Entre Genève et Lyon

Un petit viron stendhalien, teinté de Dumas, avec son “Voyage dans les Alpes”, pour débouler dans un estanco helvétique au blaze cup of tea : le Windows, à l’hôtel d’Angleterre. Déco rococo, légèrement proustien, avec vue sur le lac, et sur le claque, attendu que ça emballe sec dans le bar du restau, le Leopard (groâ !), le tout avec les recommandations d’un louftingue de l’hôtel voisin : « C’est l’une des meilleures ta-a-a-bles de Genève ». Accent qui godille entre les bosses, « douceméent, c’est tout béon ». Eh bien non, ce n’est pas béon, le zorglub n’avait pas les rustis en face des trous, la bectance ne vaut pas une broque. Entre l’amuse bouche microscopique (c’était quoi, au juste ?), le foie gras dé à coudre planqué sous des feuilles à limaces (indigne de ce nom), les deux lichettes de calamar à la tomate, caoutchouteux et mal assaisonnés, tout cela pour la modique somme de quatre vingt dix euros (!), sans compter le rasteau à 150 € (le moins cher des vins de côtes du Rhône !), on se creuse la penseuse, à l’instar du prétentieux Montebourg, et on se demande si les Suisses ne nous prennent pas pour des agates. Pour les ceusses qui ont le morlingue Cahuzac et le caldé Strauss-Khan, direction le Léopard et les reines de l’asperge, d’Argenteuil ou de Perthuis, histoire de dédier un souvenir ému au créateur de l’Académie de Genève, le calviniste Théodore de Bèze (le bien nommé), afin de prouver que Genève et son jet séminal ne sont pas qu’un vaste luna-park à l’ombre du Mont Blanc, revu et corrigé par la banque, la finance, les tocantes, la grande Lulu et les recettes du père Zobi.

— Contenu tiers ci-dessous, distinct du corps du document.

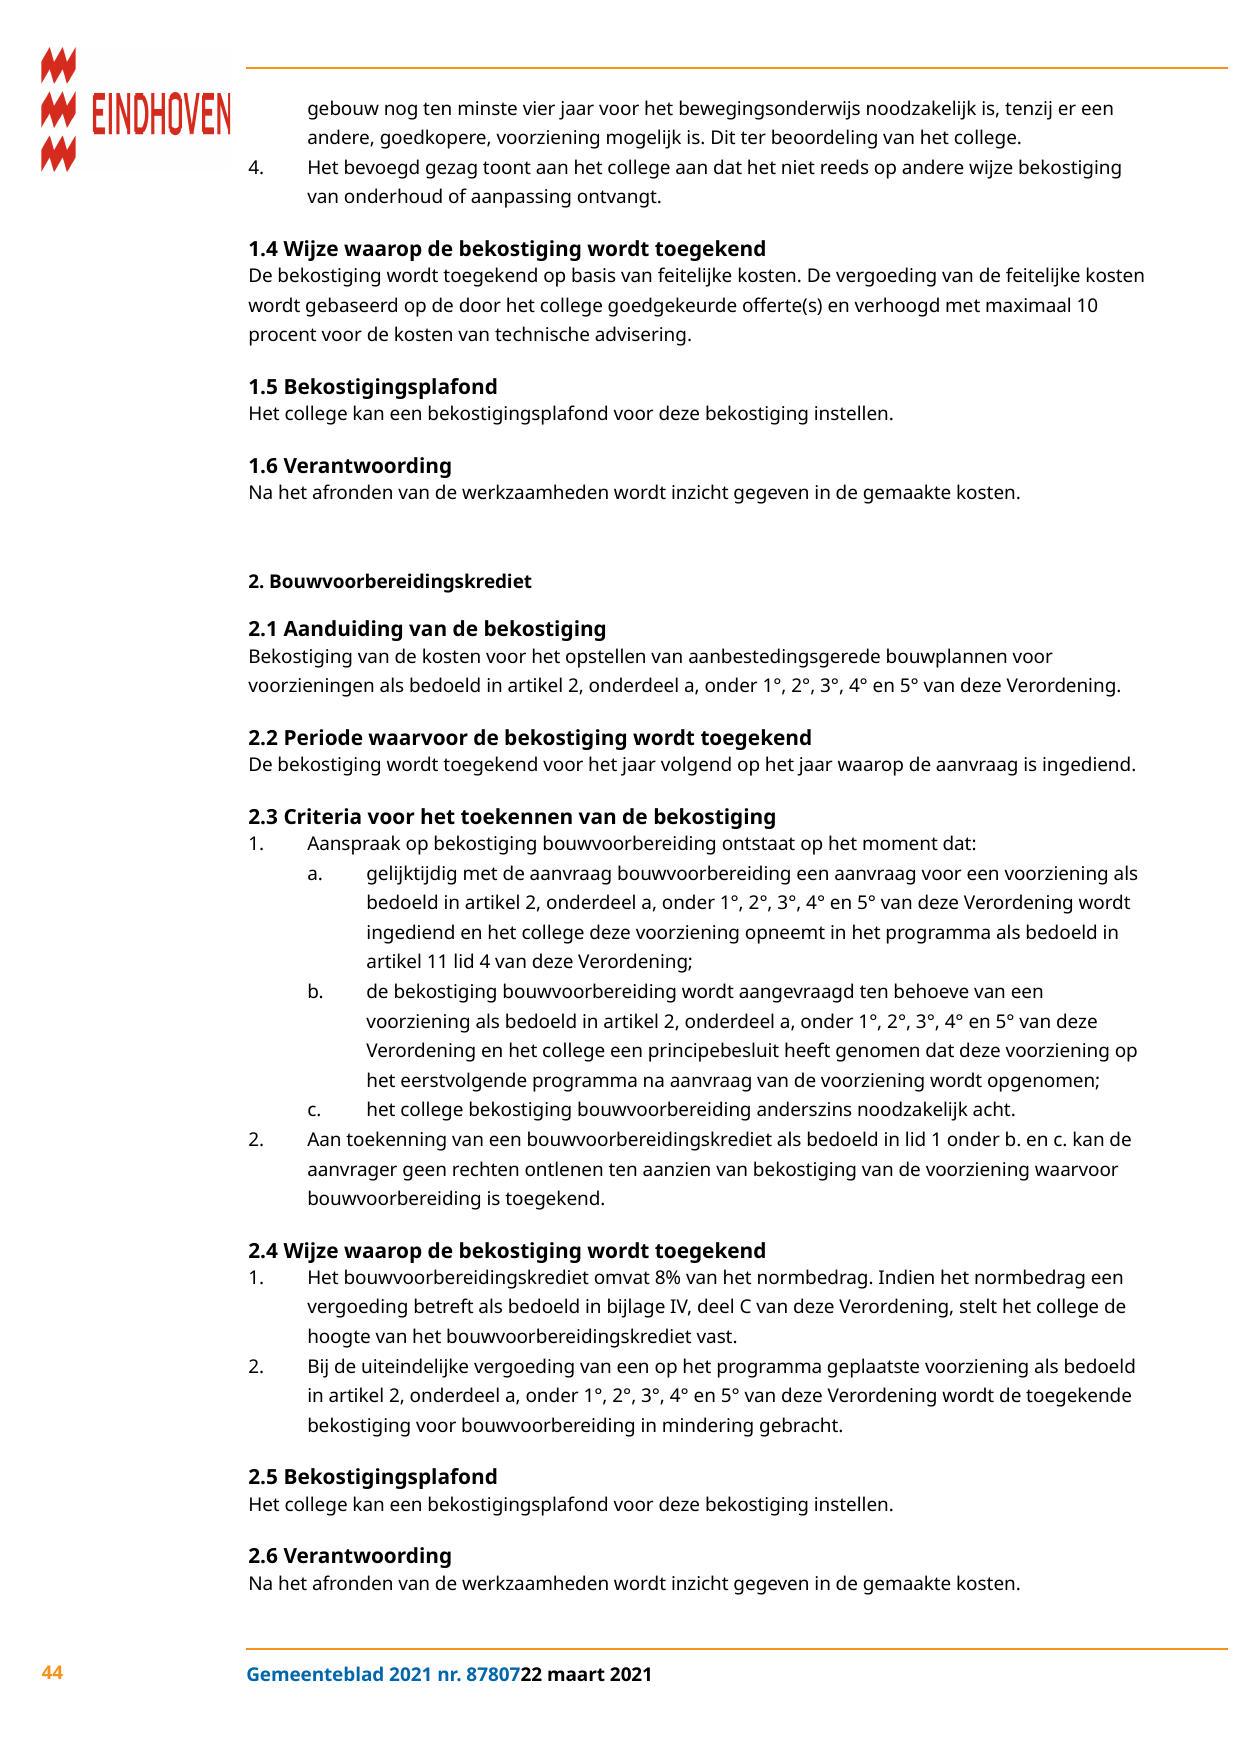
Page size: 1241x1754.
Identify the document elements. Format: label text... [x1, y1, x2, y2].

text De bekostiging wordt toegekend op basis van feitelijke kosten. De vergoeding van de feitelijke kosten wordt gebaseerd op de door het college goedgekeurde offerte(s) en verhoogd met maximaal 10 procent voor de kosten van technische advisering. [248, 262, 1152, 347]
text 1.5 Bekostigingsplafond [248, 372, 1152, 400]
text De bekostiging wordt toegekend voor het jaar volgend op het jaar waarop de aanvraag is ingediend. [248, 751, 1152, 777]
text 2.5 Bekostigingsplafond [248, 1462, 1152, 1491]
text 2.3 Criteria voor het toekennen van de bekostiging [248, 802, 1152, 830]
text 2.6 Verantwoording [248, 1541, 1152, 1570]
list gelijktijdig met de aanvraag bouwvoorbereiding een aanvraag voor een voorziening als bedoeld in artikel 2, onderdeel a, onder 1°, 2°, 3°, 4° en 5° van deze Verordening wordt ingediend en het college deze voorziening opneemt in het programma als bedoeld in artikel 11 lid 4 van deze Verordening; [307, 860, 1152, 974]
list Aan toekenning van een bouwvoorbereidingskrediet als bedoeld in lid 1 onder b. en c. kan de aanvrager geen rechten ontlenen ten aanzien van bekostiging van de voorziening waarvoor bouwvoorbereiding is toegekend. [248, 1126, 1152, 1211]
text 1.6 Verantwoording [248, 451, 1152, 479]
text Het college kan een bekostigingsplafond voor deze bekostiging instellen. [248, 400, 1152, 426]
text 2. Bouwvoorbereidingskrediet [248, 568, 1152, 594]
text 2.2 Periode waarvoor de bekostiging wordt toegekend [248, 723, 1152, 751]
text Na het afronden van de werkzaamheden wordt inzicht gegeven in de gemaakte kosten. [248, 1570, 1152, 1596]
text 2.4 Wijze waarop de bekostiging wordt toegekend [248, 1236, 1152, 1264]
list de bekostiging bouwvoorbereiding wordt aangevraagd ten behoeve van een voorziening als bedoeld in artikel 2, onderdeel a, onder 1°, 2°, 3°, 4° en 5° van deze Verordening en het college een principebesluit heeft genomen dat deze voorziening op het eerstvolgende programma na aanvraag van de voorziening wordt opgenomen; [307, 978, 1152, 1093]
text Na het afronden van de werkzaamheden wordt inzicht gegeven in de gemaakte kosten. [248, 479, 1152, 505]
text 2.1 Aanduiding van de bekostiging [248, 614, 1152, 643]
text 1.4 Wijze waarop de bekostiging wordt toegekend [248, 234, 1152, 262]
list Aanspraak op bekostiging bouwvoorbereiding ontstaat op het moment dat: [248, 830, 1152, 856]
text Bekostiging van de kosten voor het opstellen van aanbestedingsgerede bouwplannen voor voorzieningen als bedoeld in artikel 2, onderdeel a, onder 1°, 2°, 3°, 4° en 5° van deze Verordening. [248, 643, 1152, 698]
list gebouw nog ten minste vier jaar voor het bewegingsonderwijs noodzakelijk is, tenzij er een andere, goedkopere, voorziening mogelijk is. Dit ter beoordeling van het college. [248, 95, 1152, 150]
text Het college kan een bekostigingsplafond voor deze bekostiging instellen. [248, 1491, 1152, 1517]
picture [41, 47, 231, 172]
list Het bouwvoorbereidingskrediet omvat 8% van het normbedrag. Indien het normbedrag een vergoeding betreft als bedoeld in bijlage IV, deel C van deze Verordening, stelt het college de hoogte van het bouwvoorbereidingskrediet vast. [248, 1264, 1152, 1349]
list het college bekostiging bouwvoorbereiding anderszins noodzakelijk acht. [307, 1097, 1152, 1122]
list Het bevoegd gezag toont aan het college aan dat het niet reeds op andere wijze bekostiging van onderhoud of aanpassing ontvangt. [248, 154, 1152, 209]
list Bij de uiteindelijke vergoeding van een op het programma geplaatste voorziening als bedoeld in artikel 2, onderdeel a, onder 1°, 2°, 3°, 4° en 5° van deze Verordening wordt de toegekende bekostiging voor bouwvoorbereiding in mindering gebracht. [248, 1353, 1152, 1438]

Hôtel d’Angleterre, Windows, Quai du Mont Blanc, 1201 Genève, Suisse, 41 22 906 55 14. Carte : 120 €.
Directo Lugdunum, sans passer par le Blanc de volaille de Vonas, afin de plonger dans une ville éclairée par son Rhône, sa Saône, ses rives florentines, son magnifique Musée des Beaux-Arts, ses femmes nues dignes de Véronèse, ses affreux Soulages, ses Jordaens qui jouent de l’estompe et de l’estampe, son Saint-Just qui meurt d’envie d’envoyer Hollande sur la bascule à charlot. Et là, après avoir englouti une ventrée de Rubens et de Tintoret, on oblique rue Royale, à l’assaut d’une légende gastronomique : la Mère Brazier. Attention les avortons, c’est bas de plafond, on se bigorne la terrine à tous les coins de poutre. Justement, en parlant terrine, le pâté en croûte est un délice, digne du sieur Pacaud (l’Ambroisie à Paris), élève de la Brazier par le passé, exécuté par Mathieu Vianey, un chef comme on les aime, qui, rien que pour ce subtil équilibre veau, canard, truffe et foie gras, mérite ses deux macarons. La suite est impériale. Ris de veau et homard, quenelle de brochet au lissé de cul de jeune fille. Intutile de se décarcasser la boîte à ragoût, c’est fin, goûteux, copieux, onctueux à souhait, digne du grand Ducloux du restaurant Greuze à Tournus. On prend son taf, on tartine des bijoux. Contraste évident avec ce Windows de Genève, emblématique de cette génération de chefs à la noix qui découpe au laser cent petits étrons de ceci et de cela, mêlés d’épices inconnues et de légumes mystérieux, de rhétorique à se mordiller les agobilles, pour nous faire croire que c’est créatif. La cuisine doit avoir le goût de l’opulence et l’opulence du goût. Le produit (!) serinait Loiseau. On aboule du tournevis. L’esthétique de tous ces Braque de la mini portion nous encrasse le thermostat.
La Mère Brazier, 12 rue Royale, 69001 Lyon, 04 78 23 17 20. Menu : 35 €. Carte : 120 €.